Another exciting anti-allergic agent is fucoidan, which is a fucose-rich sulfated polysaccharide extracted from brown sea algae that effectively reduces type 1 allergic hypersensitivity. Previous studies have indicated that the oral administration of Fucoidan releases Gal9 into the blood, removing IgE bound to mast cells and therefore inhibiting allergy development and mast cell activation. However, 12 g of seaweed would need to be consumed daily for fucoidan to significantly reduce the development of allergies, which is difficult to achieve. Therefore, in an article entitled “Anti-Allergic Activity of Fucoidan Can Be Enhanced by Coexistence with Quercetin” [5], Mizuno et al. delve into introducing other food factors in order to enhance the anti-allergenic functionality of fucoidan, so that it can be consumed in smaller amounts while its positive effects continue to be implemented. The authors find that the consumption of foods containing quercetin and kaempferol induces an anti-allergic response, enabling a reduction in the amount of fucoidan needed to almost half of that initially deemed necessary in an allergic mouse model. This study highlights the potential benefits of combining multiple therapeutics, which could enable good outcomes to be achieved with lower doses of therapeutics.

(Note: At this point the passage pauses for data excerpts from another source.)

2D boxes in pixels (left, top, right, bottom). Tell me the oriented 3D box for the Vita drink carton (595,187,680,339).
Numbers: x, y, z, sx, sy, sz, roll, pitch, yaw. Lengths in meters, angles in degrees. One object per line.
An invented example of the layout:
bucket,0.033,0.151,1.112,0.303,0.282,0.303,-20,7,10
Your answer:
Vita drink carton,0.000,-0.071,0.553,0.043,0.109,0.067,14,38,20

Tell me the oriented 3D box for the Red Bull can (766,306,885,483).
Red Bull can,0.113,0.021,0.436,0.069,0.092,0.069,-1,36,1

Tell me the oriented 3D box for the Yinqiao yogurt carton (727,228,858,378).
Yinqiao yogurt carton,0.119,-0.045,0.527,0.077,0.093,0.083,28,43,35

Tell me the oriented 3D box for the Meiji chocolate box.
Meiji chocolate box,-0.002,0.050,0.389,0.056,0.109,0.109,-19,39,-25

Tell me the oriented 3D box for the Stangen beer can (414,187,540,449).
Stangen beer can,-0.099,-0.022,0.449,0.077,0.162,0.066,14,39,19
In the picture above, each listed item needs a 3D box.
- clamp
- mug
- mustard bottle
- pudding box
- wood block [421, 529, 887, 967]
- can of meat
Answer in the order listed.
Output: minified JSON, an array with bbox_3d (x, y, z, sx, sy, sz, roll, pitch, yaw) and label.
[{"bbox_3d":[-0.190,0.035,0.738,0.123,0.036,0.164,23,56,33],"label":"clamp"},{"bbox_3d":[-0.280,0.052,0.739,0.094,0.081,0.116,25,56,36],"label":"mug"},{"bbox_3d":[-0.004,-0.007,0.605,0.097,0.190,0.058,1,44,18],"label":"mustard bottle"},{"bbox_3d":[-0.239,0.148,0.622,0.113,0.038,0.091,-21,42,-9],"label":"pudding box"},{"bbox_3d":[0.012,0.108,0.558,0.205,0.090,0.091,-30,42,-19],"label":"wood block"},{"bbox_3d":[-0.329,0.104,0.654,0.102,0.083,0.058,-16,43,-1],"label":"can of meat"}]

The activation of bitter taste receptors releases nitrogen oxide, which maintains homeostasis in airways; this is thought to be dysregulated in allergic diseases such as chronic rhinosinusitis. However, the mechanisms by which these receptors contribute to disease are not well understood. In their article, entitled “Functional Alteration and Differential Expression of the Bitter Taste Receptor T2R38 in Human Paranasal Sinus in Patients with Chronic Rhinosinusitis” [6], Takemoto et al. study the role of two bitter taste receptors known to induce immune response, T2R14 and T2R38, in chronic rhinosinusitis. T2R38 is essential for sinonasal epithelial defense against respiratory bacterial infection, suggesting its potential role in chronic rhinosinusitis. The authors evaluate the expression of T2R14 and T2R38 in both eosinophilic and non-eosinophilic chronic rhinosinusitis. T2R38 was found to be significantly downregulated in the ethmoid mucosa of non-eosinophilic chronic rhinosinusitis patients and the nasal polyps of eosinophilic chronic rhinosinusitis patients, suggesting variations in the role of bitter taste receptors in different disease endotypes. Within these tissues, T2R38 expression was found primarily in epithelial ciliated cells, with little to no staining in secretary goblet cells. These findings suggest the previously uncharacterized role of bitter taste receptors in chronic rhinosinusitis and pave the way for future studies, aiming to determine how these mechanisms influence allergic diseases.

In summary, this Special Issue encompasses two comprehensive reviews examining the broader mechanism underlying allergic diseases, as well as four research articles providing in-depth insights into the molecular mechanisms promoting specific allergic triggers and responses. These articles identify key areas of therapeutic focus that could lead to innovations in therapeutic strategies.